Every strand of DNA in nature has four chemicals: adenine, guanine, cytosine, and thymine, which are typically abbreviated as A, G, C, and T. They rearrange themselves along the double helix in order to create combinations that scientists can decode, or sequence, to make sense of.
By adding seven synthetic nucleobases to the original four-letter lineup, the researchers increased DNA’s already vast capacity for information storage.
“Consider the letters of the English alphabet. You could only make so many words if you only had four letters to work with. You could make an infinite number of word combinations if you possessed the whole alphabet. The same is true with DNA. We may convert zeros and ones to A, G, C, T, and the seven new letters in the storage alphabet instead of converting them to A, G, C, and T “Tabatabaei said the following.
Because this is the first team to employ chemically changed nucleotides for information storage in DNA, members had to come up with creative solutions to a unique problem: not all existing technologies can read chemically modified DNA strands. They used machine learning and artificial intelligence to design a first-of-its-kind DNA sequence readout processing approach to overcome this challenge.
Their solution can tell the difference between modified and natural compounds, as well as each of the seven novel molecules.
“We examined 77 different combinations of the 11 nucleotides, and our approach was able to properly distinguish each of them,” Pan added. “Because the deep learning framework used in our technique to recognize distinct nucleotides is universal, our methodology may be used to a wide range of applications.”
Nanopores, proteins having a central opening through which a DNA strand may readily flow, are responsible for this letter-perfect translation. Surprisingly, the researchers discovered that nanopores can detect and differentiate each individual monomer unit along a DNA strand, regardless of whether the units are natural or synthetic.
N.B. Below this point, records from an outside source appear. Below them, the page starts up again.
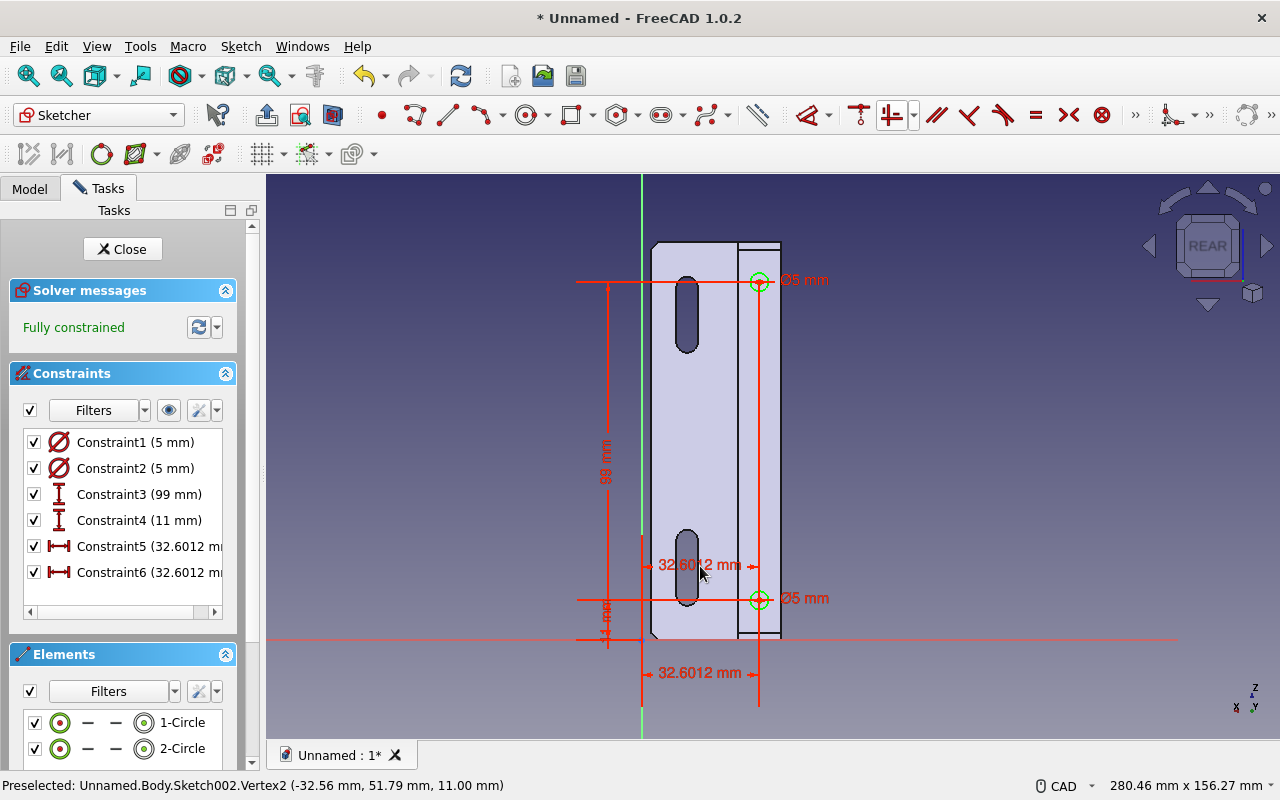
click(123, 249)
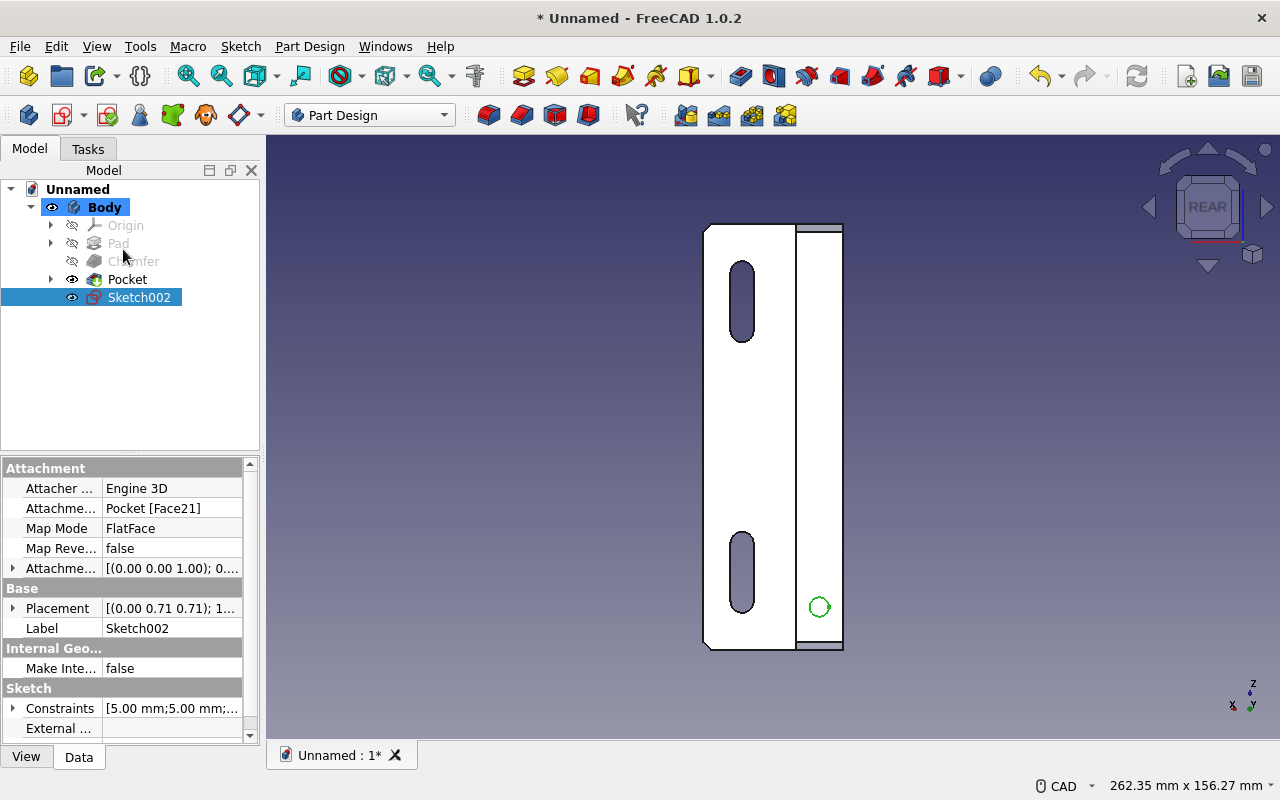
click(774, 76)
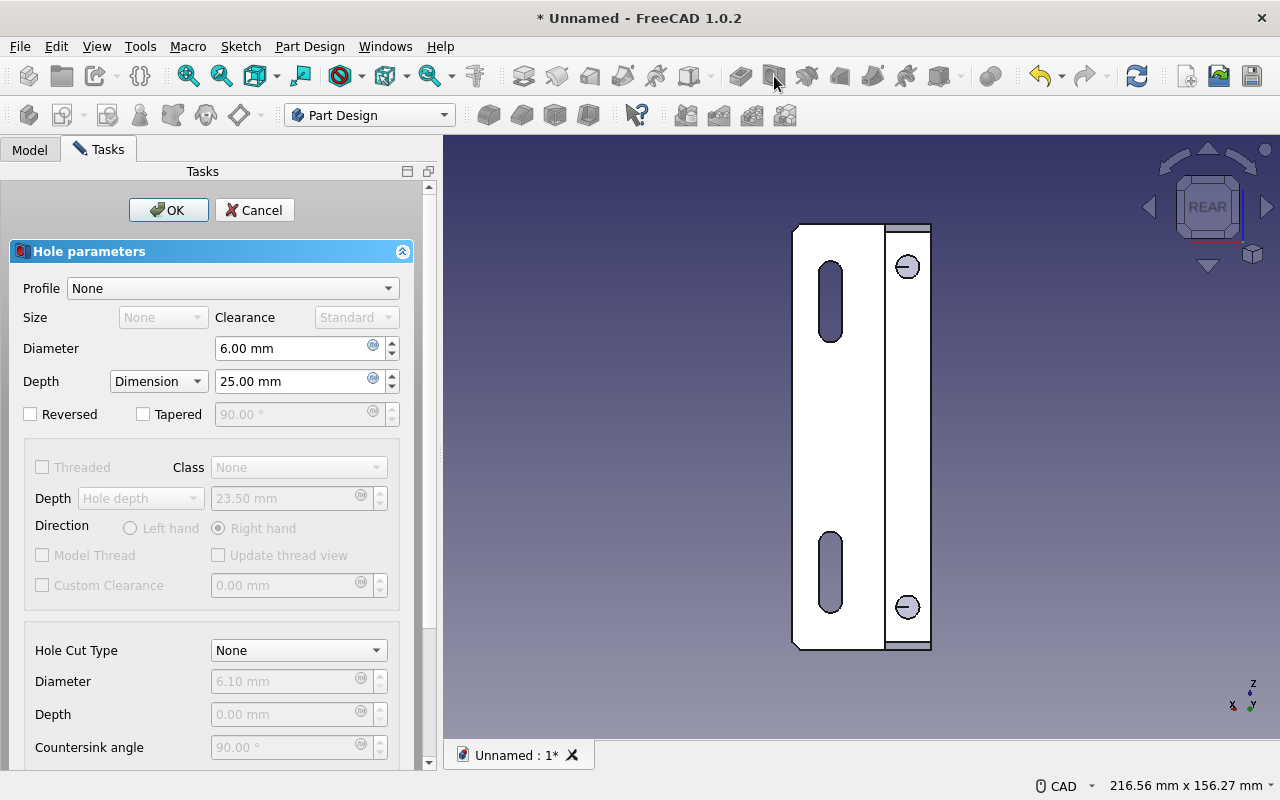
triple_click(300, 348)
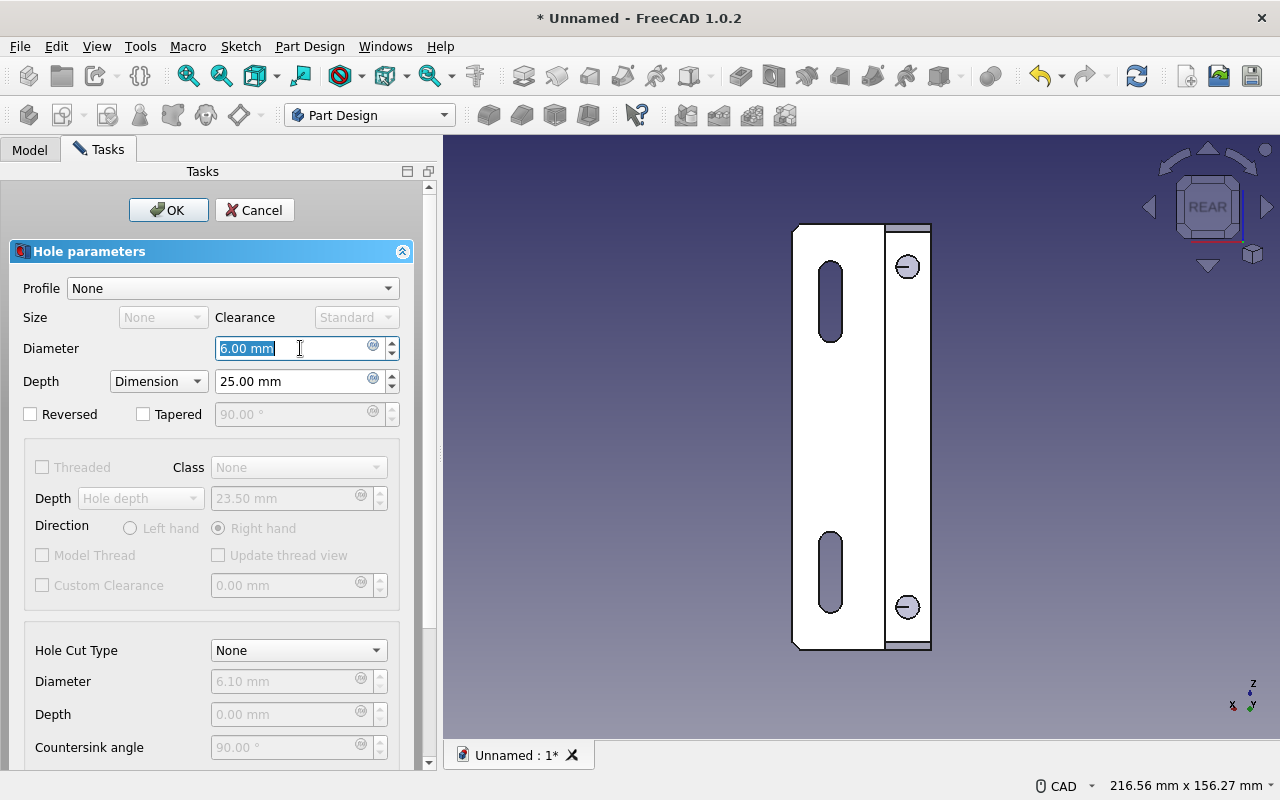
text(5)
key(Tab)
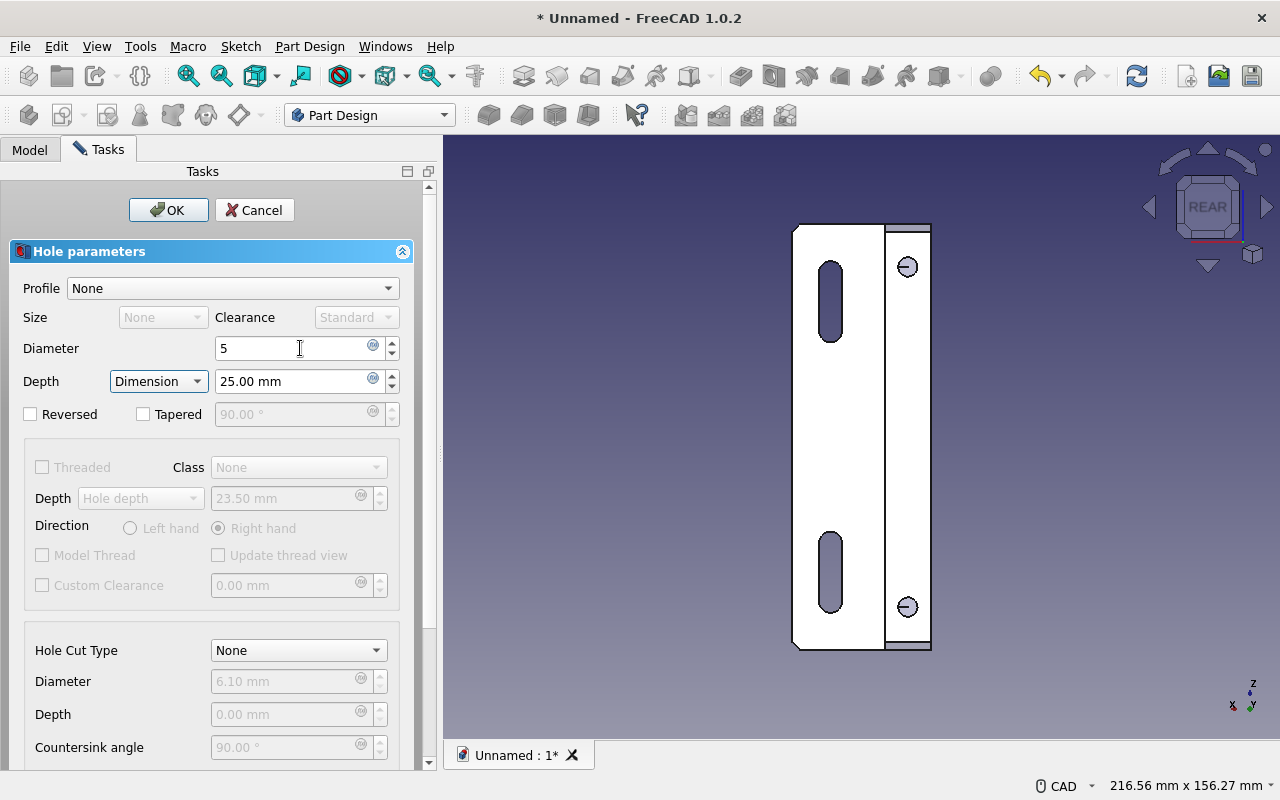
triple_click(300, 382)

“This work presents an interesting proof-of-principle demonstration of extending macromolecular data storage to non-natural chemistries, which has the potential to significantly boost storage density in non-traditional storage medium,” stated Charles Schroeder, a co-PI on the project.
By preserving genetic information, DNA actually changed history. According to this research, the future of data storage will be just as double-helical.
Aleksei Aksimentiev, the Center for Biophysics and Quantitative Biology, and Alvaro Hernandez, the Roy J. Carver Biotechnology Center, are two more UIUC collaborators. The University of Massachusetts at Amherst and Stanford University are among the partners. Please see the published work for a complete list of colleagues and affiliations.